ChIP-seqで特定の遺伝子をターゲットとしていない場合、ターゲットの濃縮率はどのように測定するのですか?




【FAQ】未知の結合部位の濃縮率を求めるには



もし、免疫沈降で濃縮したいタンパク質がどこに結合するのかについての情報がない場合、ChIP-seqで得られるNGSのピーク情報や配列情報以外の確実なアウトプットはありません。

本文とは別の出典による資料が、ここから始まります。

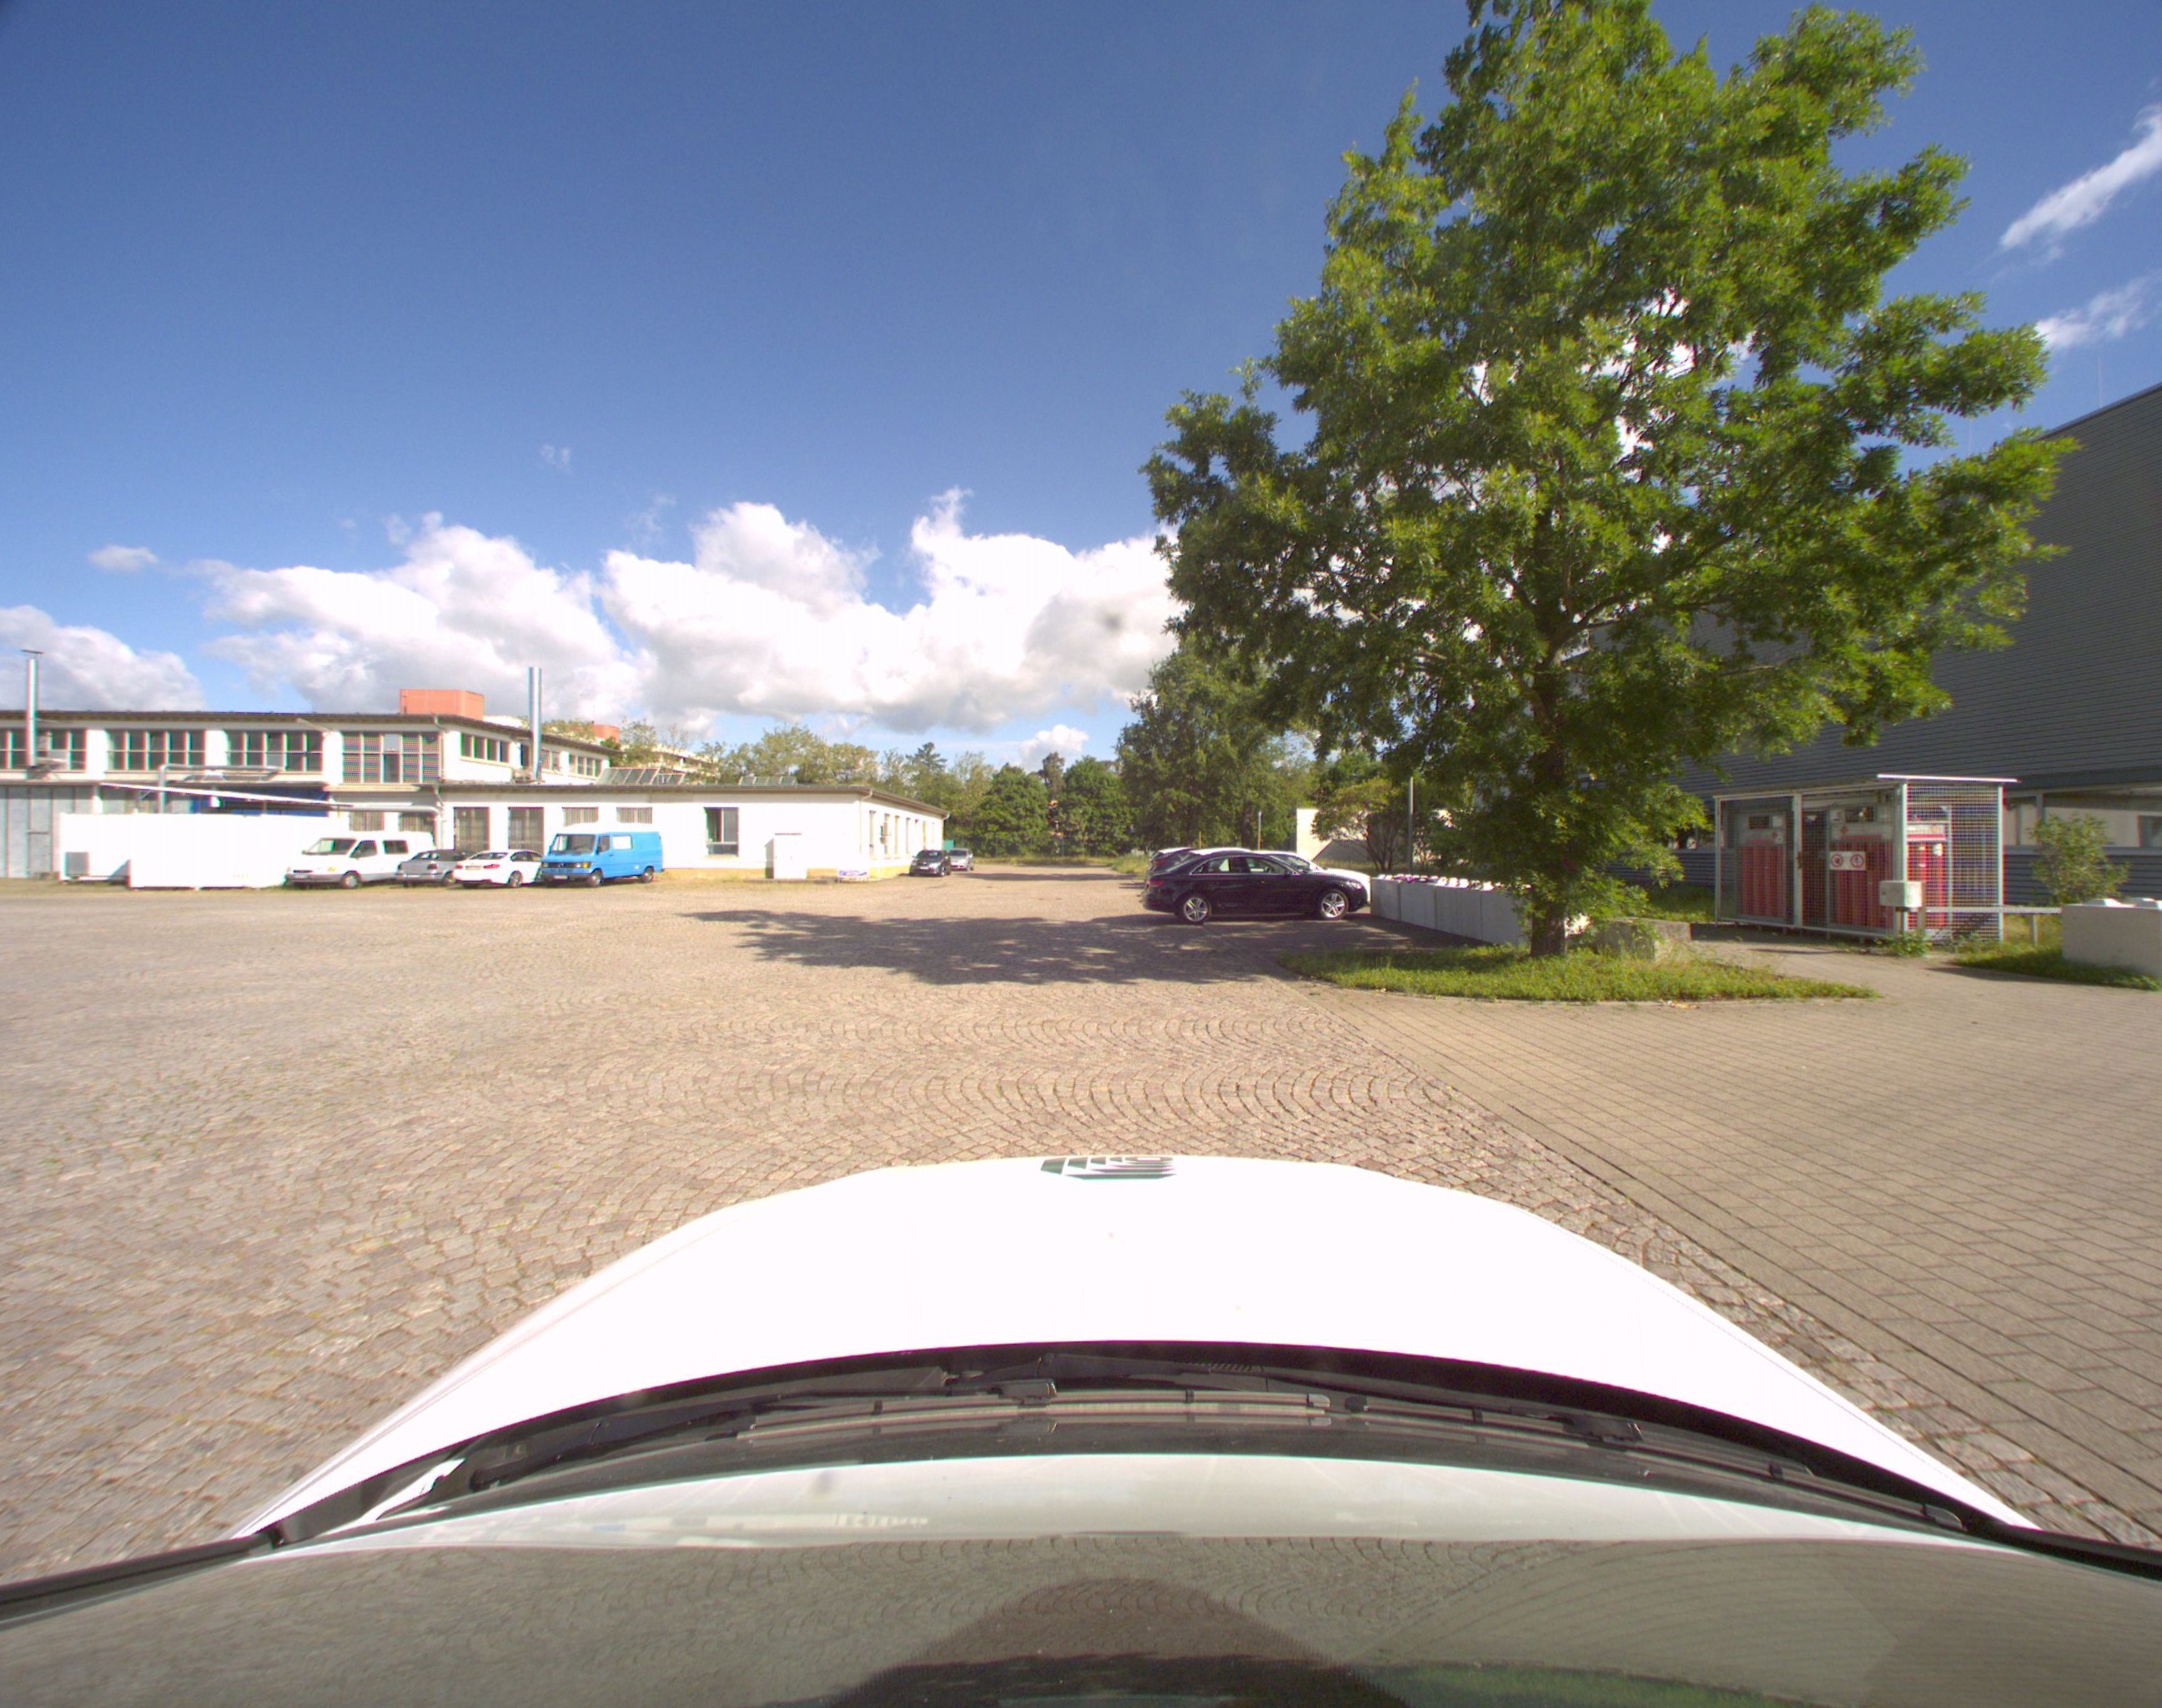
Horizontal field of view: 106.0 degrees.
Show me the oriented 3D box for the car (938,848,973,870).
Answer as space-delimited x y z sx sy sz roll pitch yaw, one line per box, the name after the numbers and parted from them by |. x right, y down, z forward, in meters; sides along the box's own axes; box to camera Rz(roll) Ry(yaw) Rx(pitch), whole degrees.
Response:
-8.215 0.307 53.579 1.681 1.435 3.987 1 0 0 | car

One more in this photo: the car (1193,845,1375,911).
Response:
4.893 0.564 20.057 4.119 1.460 1.693 -2 0 4 | car

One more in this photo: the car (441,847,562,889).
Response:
-21.626 0.480 30.604 1.725 1.405 3.741 0 2 2 | car

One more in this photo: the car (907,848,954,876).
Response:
-8.054 0.394 44.000 1.758 1.435 3.992 1 0 0 | car

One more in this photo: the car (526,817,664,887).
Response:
-18.811 -0.083 31.894 2.074 2.483 5.242 0 0 3 | car

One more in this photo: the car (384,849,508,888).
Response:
-24.419 0.505 31.507 1.680 1.398 3.834 1 0 2 | car

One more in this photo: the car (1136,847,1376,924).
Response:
3.601 0.624 17.303 4.706 1.423 1.756 -2 0 -2 | car

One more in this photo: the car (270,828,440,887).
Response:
-27.330 0.113 30.947 1.995 2.081 4.808 0 0 3 | car

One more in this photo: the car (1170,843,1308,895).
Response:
4.803 0.439 25.098 3.899 1.446 1.755 -2 0 0 | car

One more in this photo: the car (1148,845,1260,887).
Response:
4.515 0.433 30.260 3.899 1.417 1.692 -2 0 0 | car

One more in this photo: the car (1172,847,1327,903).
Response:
4.579 0.554 22.511 3.899 1.372 1.728 -2 0 0 | car

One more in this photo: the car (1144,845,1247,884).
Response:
4.560 0.395 32.913 3.899 1.435 1.796 -2 0 0 | car

まず確認できることとしては、既知のターゲットに対する抗体をポジティブコントロールとし、プロトコールが正常に行われているかについて確認してみることができます。この場合、抗体がおのずと異なるため、目的のタンパク質については確認できません。

また、qPCRプライマーデザインを行うために、目的タンパク質の結合モチーフの情報があればそれを利用する方法もあります。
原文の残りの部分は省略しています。